Bancah Tingkuluak Nagari Lubuk Malako
Oleh :
Nama: Annisa Putri
Nim : 2310741014
Pada zaman dahulu di nagari Lubuk Malako, terdapat dua orang yang sedang bekerja disawah, yiatu berupa seorang ibu dan seorang anak gadisnya. Meskipun disawah tersebut terdapat dua orang tetapi yang hanya bekerja yaitu hanya ibunya saja, sang anak hanya duduk cantik melihat ibunya bekerja. Pada saat sedang bekerja ditengah panasnya terik matahari, sang ibu meminta anak gadis nya untuk mengambil air minum ke rumah, dimana rumah mereka lumayan jauh dari tempat mereka bekerja tersebut.
Karena hari pada siang itu cukup panas, anak tersebut membantah dan tidak mengindahkan perkataan ibunya tersebut, ibunya yang lelah karena bekerja dan juga karena cuaca yang sangat terik pada waktu itu, sang ibu terus meminta air kepada anaknya tersebut, tetapi anak nya selalu tidak mendengarkan permintaan ibunya tadi.
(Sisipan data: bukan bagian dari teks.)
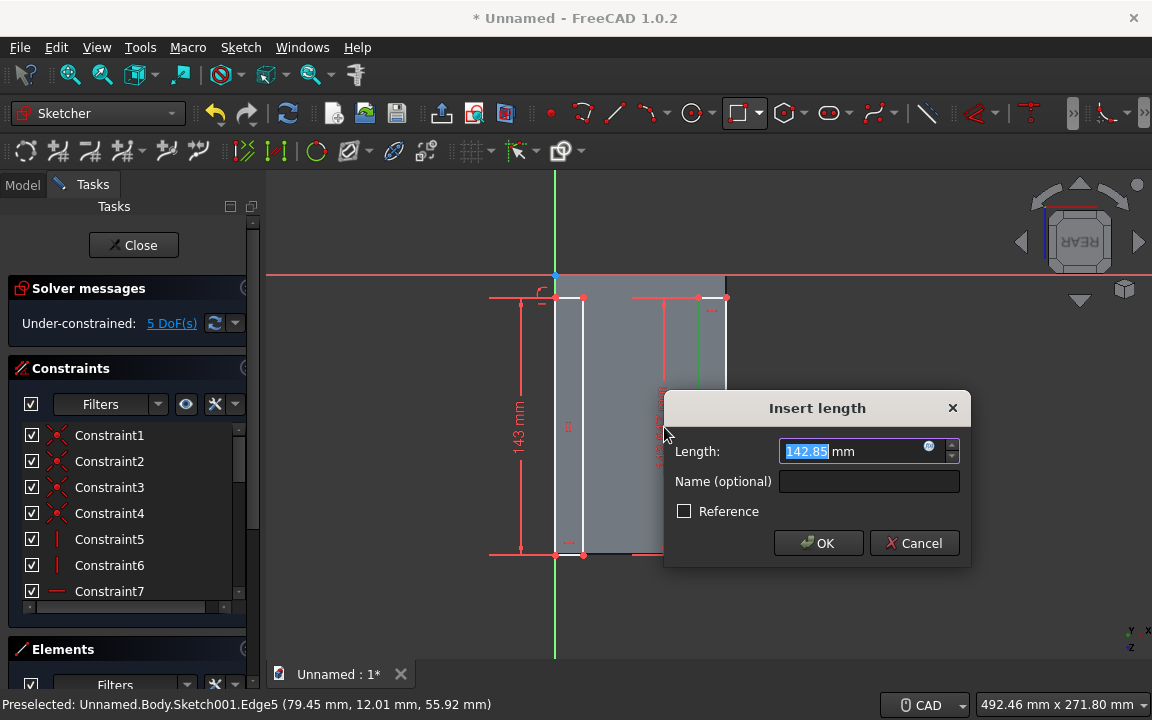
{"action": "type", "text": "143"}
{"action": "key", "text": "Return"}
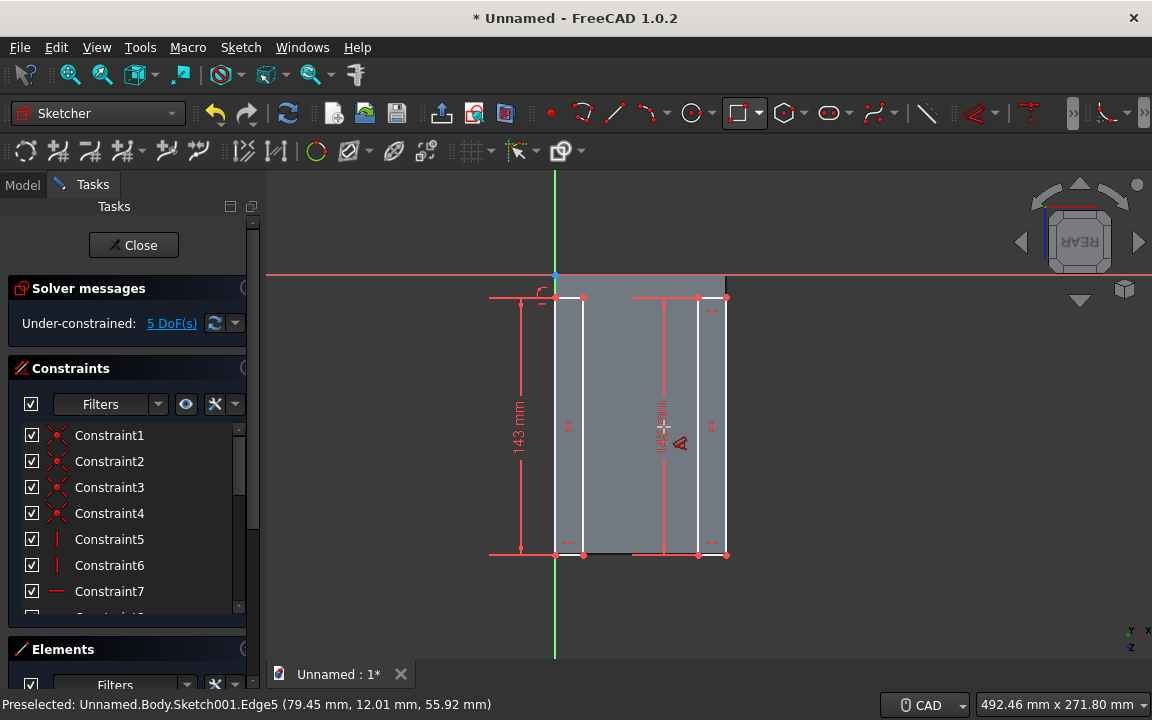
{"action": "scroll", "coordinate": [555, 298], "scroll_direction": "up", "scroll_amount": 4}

Waktu terus berlalu namun anak gadis tersebut selalu membantah dan tidak mengerjakan apa yang disuruh ibu nya.Pada saat anak gadis tadi berjalan-jalan sambil melihat sawah, tidak sengaja anak gadis tadi terjatuh masuk ke dalam sawah dan menenggelam kan seluruh tubuhnya. Semua tubuh dari kaki sampai atas kepalanya terbenam dan yang hanya tersisa hanya sebuah tingkuluak yang dipakai oleh anak gadis tadi yang tersisa diatas lumpur di dalam sawah tersebut. Sang ibu terus menangis karena kejadian tersebut dan yang tersisa hanya sebuah tingkuluak milik anaknya tadi.
Kesimpulan dari cerita diatas adalah kita sebagai anak seharusnya tidak membantah dan menolong orang tua kita yang jelas sudah membesarkan danerawat kita dari dalam kandungan hingga sekarang ini. Semua tidak ada yang mustahil, selagi Allah SWT berkehendak. Hormati dan sayangi lah kedua orang tua kalian selagi mereka masih ada di dunia ini.